Please take the records that follow and repeat exactly the lines starting with the line with "Are there any" and going on through the line with "Your response must be concise. No.".

Records from a data collection
>>

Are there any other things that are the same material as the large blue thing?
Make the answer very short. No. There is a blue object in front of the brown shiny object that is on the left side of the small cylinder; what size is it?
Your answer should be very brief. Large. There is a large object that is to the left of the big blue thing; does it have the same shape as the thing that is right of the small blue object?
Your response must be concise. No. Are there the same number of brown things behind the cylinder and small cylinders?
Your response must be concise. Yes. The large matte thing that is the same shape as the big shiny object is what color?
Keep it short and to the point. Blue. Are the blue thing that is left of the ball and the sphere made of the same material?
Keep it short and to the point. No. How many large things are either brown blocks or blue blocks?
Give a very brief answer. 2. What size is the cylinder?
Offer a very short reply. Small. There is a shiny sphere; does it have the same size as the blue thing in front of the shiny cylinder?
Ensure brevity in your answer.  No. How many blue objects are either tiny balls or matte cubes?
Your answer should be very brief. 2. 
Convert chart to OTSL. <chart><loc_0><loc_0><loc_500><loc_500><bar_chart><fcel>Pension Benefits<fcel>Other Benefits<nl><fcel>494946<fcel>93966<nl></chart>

<<
>>

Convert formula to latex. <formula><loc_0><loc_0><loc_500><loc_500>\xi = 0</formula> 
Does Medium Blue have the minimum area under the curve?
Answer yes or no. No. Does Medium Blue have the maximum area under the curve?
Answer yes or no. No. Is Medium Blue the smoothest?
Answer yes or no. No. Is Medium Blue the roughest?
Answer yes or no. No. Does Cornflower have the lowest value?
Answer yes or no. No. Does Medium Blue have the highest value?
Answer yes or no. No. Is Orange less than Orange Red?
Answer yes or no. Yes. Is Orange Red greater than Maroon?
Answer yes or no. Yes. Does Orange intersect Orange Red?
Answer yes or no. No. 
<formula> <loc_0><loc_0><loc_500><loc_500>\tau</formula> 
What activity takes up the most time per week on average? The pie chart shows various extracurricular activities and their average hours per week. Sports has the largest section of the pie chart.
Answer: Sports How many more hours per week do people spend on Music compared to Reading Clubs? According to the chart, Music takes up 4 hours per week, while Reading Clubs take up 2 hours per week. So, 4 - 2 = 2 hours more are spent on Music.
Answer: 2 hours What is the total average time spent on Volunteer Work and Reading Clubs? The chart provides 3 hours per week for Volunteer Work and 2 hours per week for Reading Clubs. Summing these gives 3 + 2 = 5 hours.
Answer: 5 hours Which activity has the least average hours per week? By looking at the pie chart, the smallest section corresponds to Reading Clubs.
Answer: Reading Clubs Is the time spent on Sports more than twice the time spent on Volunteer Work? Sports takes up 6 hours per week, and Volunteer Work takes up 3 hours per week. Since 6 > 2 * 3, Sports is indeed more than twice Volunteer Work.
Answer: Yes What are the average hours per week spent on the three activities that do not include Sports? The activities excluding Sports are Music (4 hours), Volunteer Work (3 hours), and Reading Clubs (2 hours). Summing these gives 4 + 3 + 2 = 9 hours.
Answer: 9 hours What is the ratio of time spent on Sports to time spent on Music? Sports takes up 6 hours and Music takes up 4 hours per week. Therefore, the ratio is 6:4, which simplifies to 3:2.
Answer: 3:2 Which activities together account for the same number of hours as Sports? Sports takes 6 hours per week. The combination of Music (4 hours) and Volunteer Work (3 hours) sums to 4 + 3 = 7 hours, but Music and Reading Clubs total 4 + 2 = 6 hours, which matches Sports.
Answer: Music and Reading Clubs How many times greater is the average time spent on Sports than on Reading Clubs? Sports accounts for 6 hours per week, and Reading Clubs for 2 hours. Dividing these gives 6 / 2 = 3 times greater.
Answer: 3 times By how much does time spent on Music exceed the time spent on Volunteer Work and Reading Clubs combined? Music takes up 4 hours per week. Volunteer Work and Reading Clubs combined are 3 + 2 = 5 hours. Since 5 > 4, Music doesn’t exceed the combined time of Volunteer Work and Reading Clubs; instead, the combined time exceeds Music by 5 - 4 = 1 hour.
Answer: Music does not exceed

<<

▶ _THE ANSWER_:
Are there any other things that are the same material as the large blue thing?
Make the answer very short. No. There is a blue object in front of the brown shiny object that is on the left side of the small cylinder; what size is it?
Your answer should be very brief. Large. There is a large object that is to the left of the big blue thing; does it have the same shape as the thing that is right of the small blue object?
Your response must be concise. No. Are there the same number of brown things behind the cylinder and small cylinders?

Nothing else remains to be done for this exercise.